▸ Input data:
============

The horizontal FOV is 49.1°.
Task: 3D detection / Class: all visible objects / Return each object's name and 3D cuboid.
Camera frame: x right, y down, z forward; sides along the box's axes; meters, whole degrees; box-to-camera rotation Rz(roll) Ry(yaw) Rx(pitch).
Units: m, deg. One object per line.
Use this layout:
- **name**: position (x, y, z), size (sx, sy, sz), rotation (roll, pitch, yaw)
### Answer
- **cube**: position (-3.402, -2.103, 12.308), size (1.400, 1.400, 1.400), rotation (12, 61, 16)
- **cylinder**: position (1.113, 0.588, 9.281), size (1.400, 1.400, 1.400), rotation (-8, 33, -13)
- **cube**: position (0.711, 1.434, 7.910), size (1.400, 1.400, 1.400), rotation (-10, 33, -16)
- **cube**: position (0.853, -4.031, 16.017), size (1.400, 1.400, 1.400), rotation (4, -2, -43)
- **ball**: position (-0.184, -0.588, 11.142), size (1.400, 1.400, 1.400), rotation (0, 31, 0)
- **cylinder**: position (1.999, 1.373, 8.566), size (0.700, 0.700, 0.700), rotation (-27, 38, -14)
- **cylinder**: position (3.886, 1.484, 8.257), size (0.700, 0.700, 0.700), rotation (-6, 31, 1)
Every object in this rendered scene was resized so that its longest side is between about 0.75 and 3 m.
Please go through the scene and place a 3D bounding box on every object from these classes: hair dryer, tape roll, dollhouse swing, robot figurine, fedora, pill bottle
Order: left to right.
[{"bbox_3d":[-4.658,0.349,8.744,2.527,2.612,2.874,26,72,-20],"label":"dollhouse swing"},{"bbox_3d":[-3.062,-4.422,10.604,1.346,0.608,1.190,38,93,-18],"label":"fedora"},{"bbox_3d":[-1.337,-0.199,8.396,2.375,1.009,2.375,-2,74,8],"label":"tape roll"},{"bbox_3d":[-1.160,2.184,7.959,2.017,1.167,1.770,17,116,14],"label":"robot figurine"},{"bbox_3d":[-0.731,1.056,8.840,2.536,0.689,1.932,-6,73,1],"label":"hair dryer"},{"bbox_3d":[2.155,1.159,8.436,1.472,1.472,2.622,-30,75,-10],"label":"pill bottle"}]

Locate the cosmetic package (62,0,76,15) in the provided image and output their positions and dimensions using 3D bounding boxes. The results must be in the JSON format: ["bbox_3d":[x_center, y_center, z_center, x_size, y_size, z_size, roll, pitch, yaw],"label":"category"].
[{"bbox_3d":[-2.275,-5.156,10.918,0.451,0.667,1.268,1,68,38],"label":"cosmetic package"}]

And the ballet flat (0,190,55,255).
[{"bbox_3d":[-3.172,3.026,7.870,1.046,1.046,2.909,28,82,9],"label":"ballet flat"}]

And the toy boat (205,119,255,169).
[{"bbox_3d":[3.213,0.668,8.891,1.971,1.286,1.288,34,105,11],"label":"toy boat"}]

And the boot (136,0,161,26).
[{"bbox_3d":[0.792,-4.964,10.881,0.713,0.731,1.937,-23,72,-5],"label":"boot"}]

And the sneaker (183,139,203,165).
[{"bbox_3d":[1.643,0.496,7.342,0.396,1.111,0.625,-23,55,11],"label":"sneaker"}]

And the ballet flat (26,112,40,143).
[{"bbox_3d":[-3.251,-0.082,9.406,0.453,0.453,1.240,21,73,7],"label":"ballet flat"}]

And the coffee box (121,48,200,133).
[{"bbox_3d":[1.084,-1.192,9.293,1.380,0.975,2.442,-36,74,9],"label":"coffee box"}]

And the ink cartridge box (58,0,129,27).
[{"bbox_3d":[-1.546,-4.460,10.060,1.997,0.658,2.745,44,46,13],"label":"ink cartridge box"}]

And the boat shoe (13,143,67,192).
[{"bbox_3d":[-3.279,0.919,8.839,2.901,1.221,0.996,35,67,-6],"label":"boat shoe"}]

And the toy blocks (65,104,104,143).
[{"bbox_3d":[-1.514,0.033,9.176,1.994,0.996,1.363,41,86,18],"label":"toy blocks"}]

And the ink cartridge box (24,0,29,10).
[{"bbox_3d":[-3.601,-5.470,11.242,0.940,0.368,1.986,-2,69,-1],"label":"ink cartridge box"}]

============

▸ Your instructions:
If a line of the listing above contains "object", pick it out and copy it.

▸ Answer below:
Task: 3D detection / Class: all visible objects / Return each object's name and 3D cuboid.
Units: m, deg. One object per line.
Every object in this rendered scene was resized so that its longest side is between about 0.75 and 3 m.
Please go through the scene and place a 3D bounding box on every object from these classes: hair dryer, tape roll, dollhouse swing, robot figurine, fedora, pill bottle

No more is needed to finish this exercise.